Nearly every source across the political spectrum agrees that the present position of American politics is new, dangerous and unsustainable.
Whether the complaints are leveled at the Trump administration’s drastic reforms or at the obstructionist politics of the “resistance,” most opinion pieces hearken back to a previous time — one defined by civility, moderation and political unity.
Simply put, this alleged previous state never existed; what really came before the current political climate was actually very similar to what exists now. The failures of today are the logical conclusion to which previous policies have always led.
Many will point to the election of Donald Trump (and the response to that election by his opponents) as the catalyst for this departure from politics as usual. Despite what these pundits claim, Trump and the political trajectory behind him were not just a “fluke.” Rather, they are the fulfillment of deep, foundational flaws in American society.
America was built off of the genocide of indigenous peoples and the enslavement of millions. The original intention of the Constitution created a disgustingly unequal society wherein women were considered the wards of their fathers and husbands, immigrants were denied any real representation and African-Americans were counted as three fifths of a person.
This is not to say that this reality is the goal of the Trump administration. Instead, the administration is after the mythology that surrounds this political reality, of noble and moral patriots soberly steering the nation on a trajectory that would make America a great power. The quiet hope is that if those conditions can be recreated, so can those successes.
The reality is that this ideology has run its course and resulted in the current dire political situation. There is no reason to suspect that, if it were even possible to return to that political state, it would not just immediately degenerate back to the one that exists now.
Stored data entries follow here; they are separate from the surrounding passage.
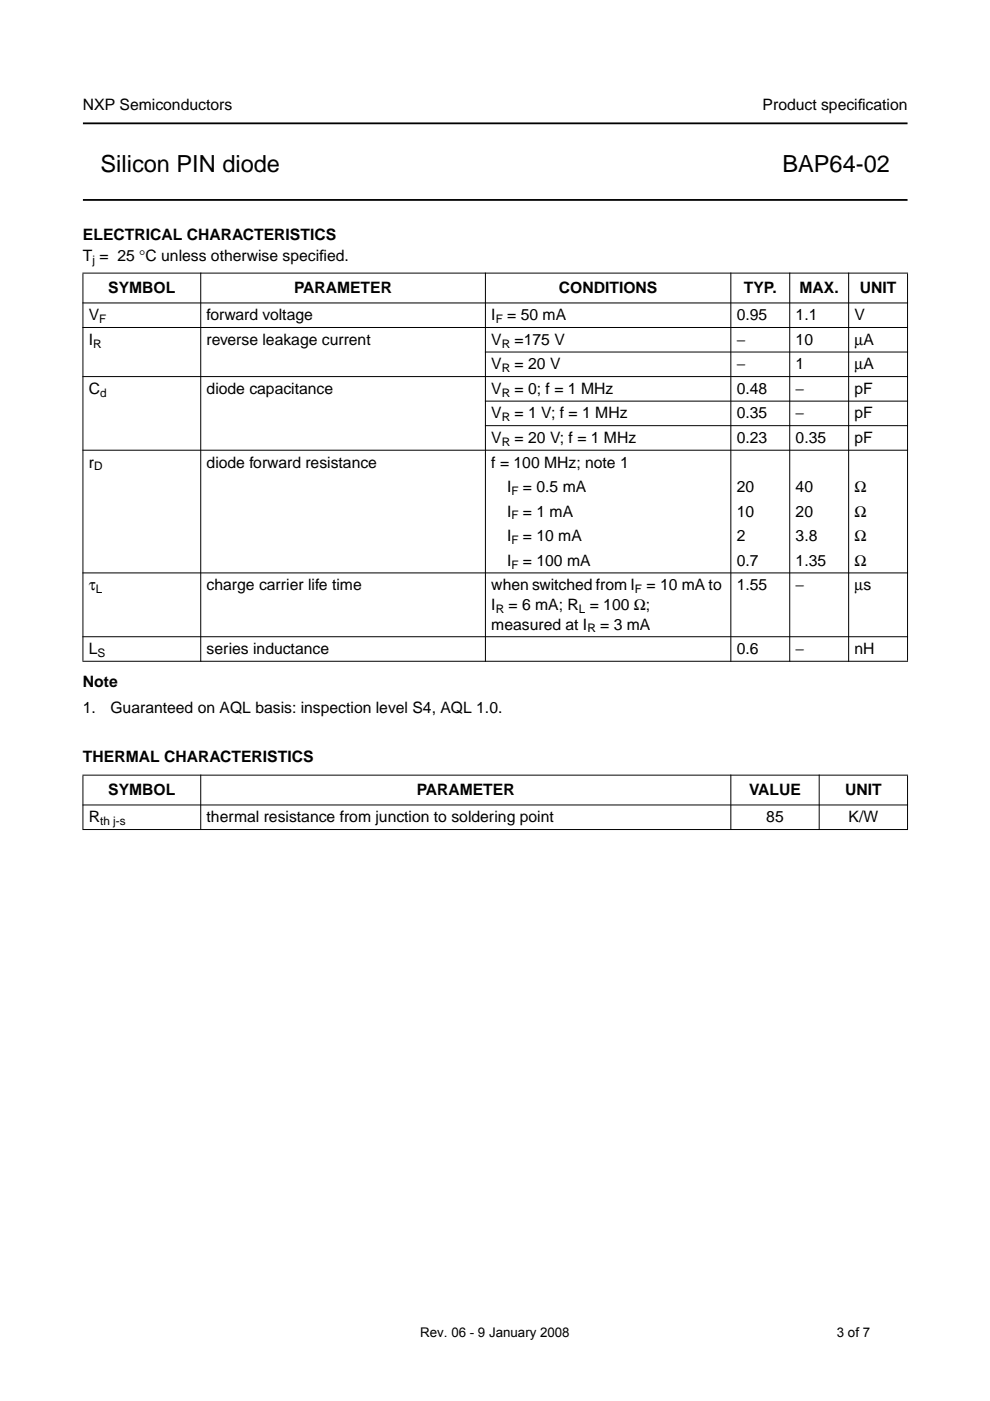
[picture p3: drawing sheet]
<svg xmlns="http://www.w3.org/2000/svg" width="210mm" height="297mm" viewBox="0 0 210 297" stroke-linecap="round" stroke-linejoin="round" font-family="sans-serif">
<defs><g id="words">
<g font-size="5">
<text x="21.3" y="36.5">Silicon PIN diode</text>
<text x="165.9" y="36.5">BAP64-02</text>
</g>
<g font-size="3.3">
<text x="17.6" y="23.4">NXP Semiconductors</text>
<text x="161.7" y="23.4">Product specif</text>
<text x="181.9" y="23.4">ication</text>
<text x="17.6" y="50.9">ELECTRICAL CHARACTERISTICS</text>
<text x="17.6" y="55.4">T = 25 °C unless otherwise specif</text>
<text x="67.7" y="55.4">ied.</text>
<text x="22.9" y="62.2">SYMBOL</text>
<text x="62.4" y="62.2">PARAMETER</text>
<text x="118.5" y="62.2">CONDITIONS</text>
<text x="157.7" y="62.2">TYP.</text>
<text x="169.5" y="62.2">MAX.</text>
<text x="182.3" y="62.2">UNIT</text>
<text x="18.8" y="67.9">V</text>
<text x="43.8" y="67.9">forward voltage</text>
<text x="104.2" y="67.9">I</text>
<text x="107.5" y="67.9">= 50 mA</text>
<text x="156.2" y="67.9">0.95</text>
<text x="168.7" y="67.9">1.1</text>
<text x="181.2" y="67.9">V</text>
<text x="18.8" y="73.1">I</text>
<text x="43.8" y="73.1">reverse leakage current</text>
<text x="104.2" y="73.1">V</text>
<text x="109.1" y="73.1">=175 V</text>
<text x="156.2" y="73.1">−</text>
<text x="168.7" y="73.1">10</text>
<text x="181.2" y="73.1">µA</text>
<text x="18.8" y="83.5">C</text>
<text x="43.8" y="83.5">diode capacitance</text>
<text x="104.2" y="78.3">V</text>
<text x="104.2" y="83.5">V</text>
<text x="109.1" y="78.3">= 20 V</text>
<text x="109.1" y="83.5">= 0; f = 1 MHz</text>
<text x="156.2" y="78.3">−</text>
<text x="156.2" y="83.5">0.48</text>
<text x="168.7" y="78.3">1</text>
<text x="168.7" y="83.5">−</text>
<text x="181.2" y="78.3">µA</text>
<text x="181.2" y="83.5">pF</text>
<text x="104.2" y="88.7">V</text>
<text x="109.1" y="88.7">= 1 V; f = 1 MHz</text>
<text x="156.2" y="88.7">0.35</text>
<text x="168.7" y="88.7">−</text>
<text x="181.2" y="88.7">pF</text>
<text x="104.2" y="93.9">V</text>
<text x="109.1" y="93.9">= 20 V; f = 1 MHz</text>
<text x="156.2" y="93.9">0.23</text>
<text x="168.7" y="93.9">0.35</text>
<text x="181.2" y="93.9">pF</text>
<text x="18.8" y="99.1">r</text>
<text x="43.8" y="99.1">diode forward resistance</text>
<text x="104.2" y="99.1">f = 100 MHz; note 1</text>
<text x="107.5" y="104.3">I</text>
<text x="110.9" y="104.3">= 0.5 mA</text>
<text x="156.2" y="104.3">20</text>
<text x="168.7" y="104.3">40</text>
<text x="181.2" y="104.3">Ω</text>
<text x="107.5" y="109.5">I</text>
<text x="110.9" y="109.5">= 1 mA</text>
<text x="156.2" y="109.5">10</text>
<text x="168.7" y="109.5">20</text>
<text x="181.2" y="109.5">Ω</text>
<text x="107.5" y="114.7">I</text>
<text x="107.5" y="119.9">I</text>
<text x="110.9" y="114.7">= 10 mA</text>
<text x="110.9" y="119.9">= 100 mA</text>
<text x="156.2" y="114.7">2</text>
<text x="156.2" y="119.9">0.7</text>
<text x="168.7" y="114.7">3.8</text>
<text x="168.7" y="119.9">1.35</text>
<text x="181.2" y="114.7">Ω</text>
<text x="181.2" y="119.9">Ω</text>
<text x="18.8" y="125.1">τ</text>
<text x="43.8" y="125.1">charge carrier life time</text>
<text x="104.2" y="125.1">when switched from I</text>
<text x="137.1" y="125.1">= 10 mA to</text>
<text x="156.2" y="125.1">1.55</text>
<text x="168.7" y="125.1">−</text>
<text x="181.2" y="125.1">µs</text>
<text x="104.2" y="129.3">I</text>
<text x="107.8" y="129.3">= 6 mA; R = 100 Ω;</text>
<text x="104.2" y="133.5">measured at I</text>
<text x="127.3" y="133.5">= 3 mA</text>
<text x="18.8" y="138.7">L</text>
<text x="43.8" y="138.7">series inductance</text>
<text x="156.2" y="138.7">0.6</text>
<text x="168.7" y="138.7">−</text>
<text x="181.2" y="138.7">nH</text>
<text x="17.6" y="145.8">Note</text>
<text x="17.6" y="151.2">1.</text>
<text x="23.4" y="151.2">Guaranteed on AQL basis: inspection level S4, AQL 1.0.</text>
<text x="17.6" y="161.6">THERMAL CHARACTERISTICS</text>
<text x="22.9" y="168.6">SYMBOL</text>
<text x="88.4" y="168.6">PARAMETER</text>
<text x="158.8" y="168.6">VALUE</text>
<text x="179.2" y="168.6">UNIT</text>
<text x="18.8" y="174.4">R</text>
<text x="43.8" y="174.3">thermal resistance from junction to soldering point</text>
<text x="162.5" y="174.3">85</text>
<text x="179.9" y="174.3">K/W</text>
</g>
<g font-size="2.8">
<text x="89.1" y="283.4">Rev. 06 - 9 January 2008</text>
<text x="177.4" y="283.4">3 of 7</text>
</g>
<g font-size="2.5">
<text x="19.6" y="56">j</text>
<text x="21.1" y="68.5">F</text>
<text x="105.1" y="68.5">F</text>
<text x="19.8" y="73.7">R</text>
<text x="106.4" y="73.7">R</text>
<text x="106.4" y="78.9">R</text>
<text x="21.2" y="84.1">d</text>
<text x="106.4" y="84.1">R</text>
<text x="106.4" y="89.3">R</text>
<text x="106.4" y="94.5">R</text>
<text x="19.9" y="99.7">D</text>
<text x="108.4" y="104.9">F</text>
<text x="108.4" y="110.1">F</text>
<text x="108.4" y="115.3">F</text>
<text x="20.3" y="125.7">L</text>
<text x="108.4" y="120.5">F</text>
<text x="134.6" y="125.7">F</text>
<text x="105.1" y="129.9">R</text>
<text x="122.7" y="129.9">L</text>
<text x="124.5" y="134.1">R</text>
<text x="20.7" y="139.3">S</text>
<text x="21.2" y="174.9">th j-s</text>
</g>
</g></defs>
<path d="M17.6 26.2h174.8M17.6 42.4h174.8" fill="none" stroke="#000" stroke-width=".38"/>
<g fill="#000" stroke="#000" stroke-width=".21">
<path d="M17.5 57.9h175zM17.5 64.2h175zM17.5 69.4h175zM102.8 74.6h89.7zM17.5 79.8h175zM102.8 85h89.7zM102.8 90.2h89.7zM17.5 95.5h175zM17.5 121.5h175zM17.5 135h175zM17.6 58v82.1zM42.6 57.8v82.5z"/>
<path d="M102.9 57.8v82.5zM155 57.8v82.5zM167.4 57.8v82.5zM179.9 57.8v82.5zM192.4 58v82.1zM17.5 140.2h175zM17.6 164.5v11.3zM42.6 164.2v11.8zM155 164.2v11.8zM173.7 164.2v11.8zM192.4 164.5v11.3zM17.5 164.3h175z"/>
<path d="M17.5 170.7h175zM17.5 175.9h175z"/>
</g>
<use href="#words"/>
</svg>

Opposite the Trump Administration, the Democratic resistance hopes that the “checks and balances” of the original American political system could be used to reign in the present revisions to it. However, the “checks and balances” of this system were made to enforce the power disparities promoted by these revisions, not undermine them.
Indeed, these checks and balances were touted at the time by the framers of the Constitution as a way to keep the country balanced between “tyranny” and “mob rule.”
On the surface, this seems sensible until one realizes that these terms meant very different things to the founders. The mob was made up of everyone besides white natural-born landowning men. Tyranny similarly did not mean the oppression of the masses, it meant the loss of privilege for that ruling class.
A real path forward is the rejection of the flaws of American society and the embrace of an alternative that addresses those flaws in a way that preexisting political structures cannot. Rather than falling back on systems of marginalization to save the country, a bold path free of those systems must be forged.
In many cases, this path is already opening in the form of political outsiders, like Bernie Sanders or the Democratic Socialists of America who offer an alternative to liberal American capitalism and nationalism.
However, these are only the beginning of what must be a whole new approach to American politics which, in time, will be as universal as the present system.